Seconde exception, plus anecdotique : l’interdiction prévue à l’article L. 223-1 ne s’applique pas à la prospection en vue de la fourniture de journaux, de périodiques ou de magazines. Un vestige historique qui permettra encore aux éditeurs de presse de démarcher pour vendre des abonnements, dans des créneaux horaires eux aussi fixés par décret.
Pour tout le reste, la charge de la preuve s’inverse totalement. La preuve du consentement incombe à l’entreprise, et non au consommateur, et ce document doit être conservé dans la durée : la preuve du consentement du consommateur sera à conserver pour une durée de trois ans minimum, et devra être mis à la disposition du consommateur à sa demande.
Que risquent les entreprises fautives, et que faire si on vous appelle quand même ?
Le législateur n’a pas prévu de simple tape sur les doigts. Les sanctions grimpent vite : les amendes atteignent 75 000 € pour une personne physique et 375 000 € pour une société. Mieux encore pour les victimes de démarchage abusif, la loi frappe directement au portefeuille des contrats signés sous la contrainte d’un appel illégal.

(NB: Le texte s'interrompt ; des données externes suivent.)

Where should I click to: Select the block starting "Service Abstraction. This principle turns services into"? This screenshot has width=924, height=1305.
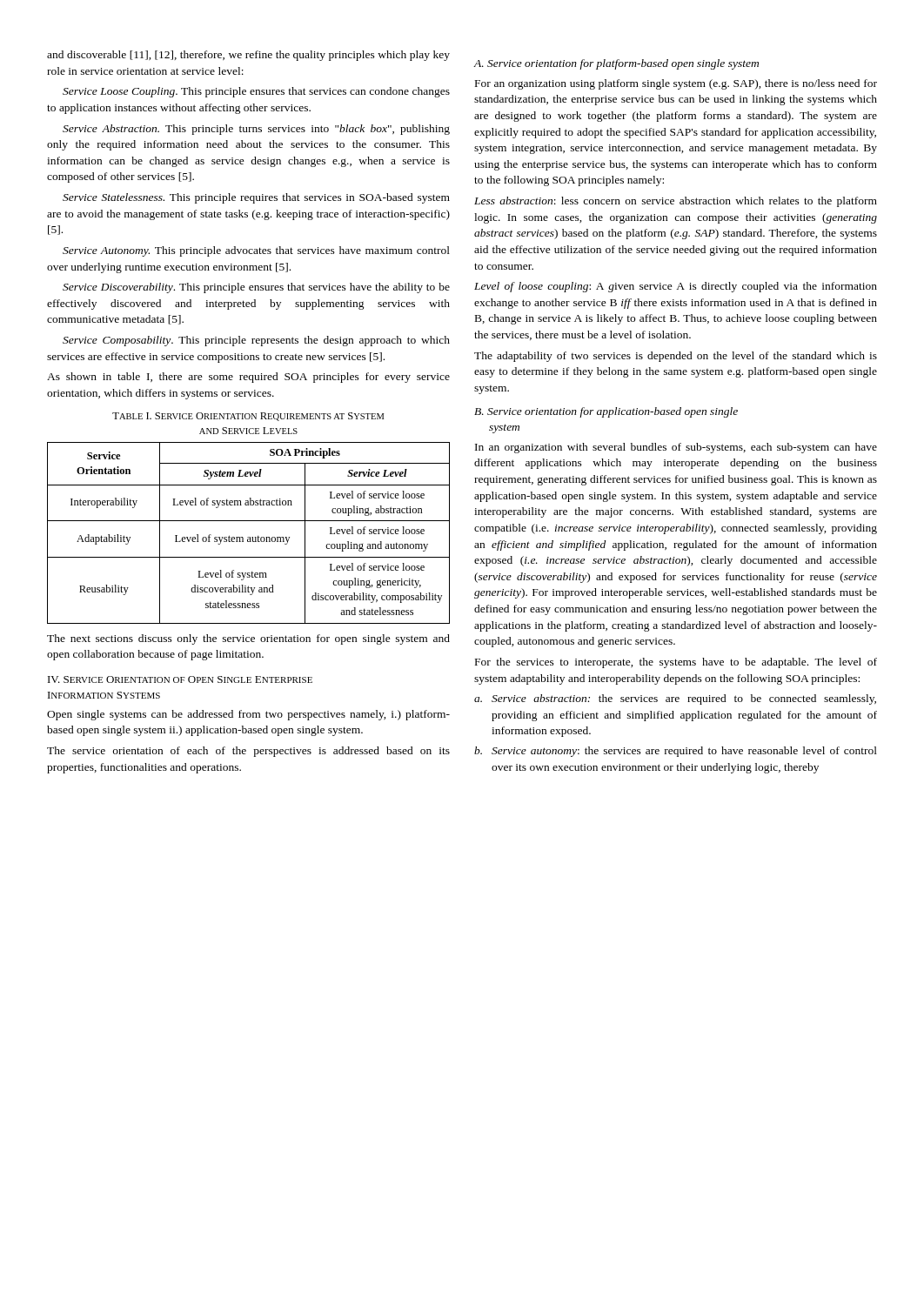click(x=248, y=153)

Tout contrat signé après un appel non consenti sera frappé de nullité, ce qui donne un levier juridique solide à quiconque aurait été piégé par une vente forcée au téléphone.
Reste une question légitime : ce changement de loi va-t-il vraiment mettre fin aux coups de fil agaçants du mardi soir ? Rien n’est moins sûr, tant certaines officines opèrent depuis l’étranger ou multiplient les numéros jetables. C’est pourquoi les pouvoirs publics maintiennent un canal de signalement actif même après la fermeture de Bloctel : pour les consommateurs qui continueraient de subir des sollicitations non désirées après cette date, la Répression des fraudes (DGCCRF) met toujours à disposition sa plateforme Signal Conso pour centraliser les signalements. Un réflexe à garder en tête dès la rentrée : si votre téléphone sonne encore pour vous vanter une isolation à un euro ou une mutuelle miracle sans que vous ayez rien demandé, direction Signal Conso plutôt que la corbeille d’appel.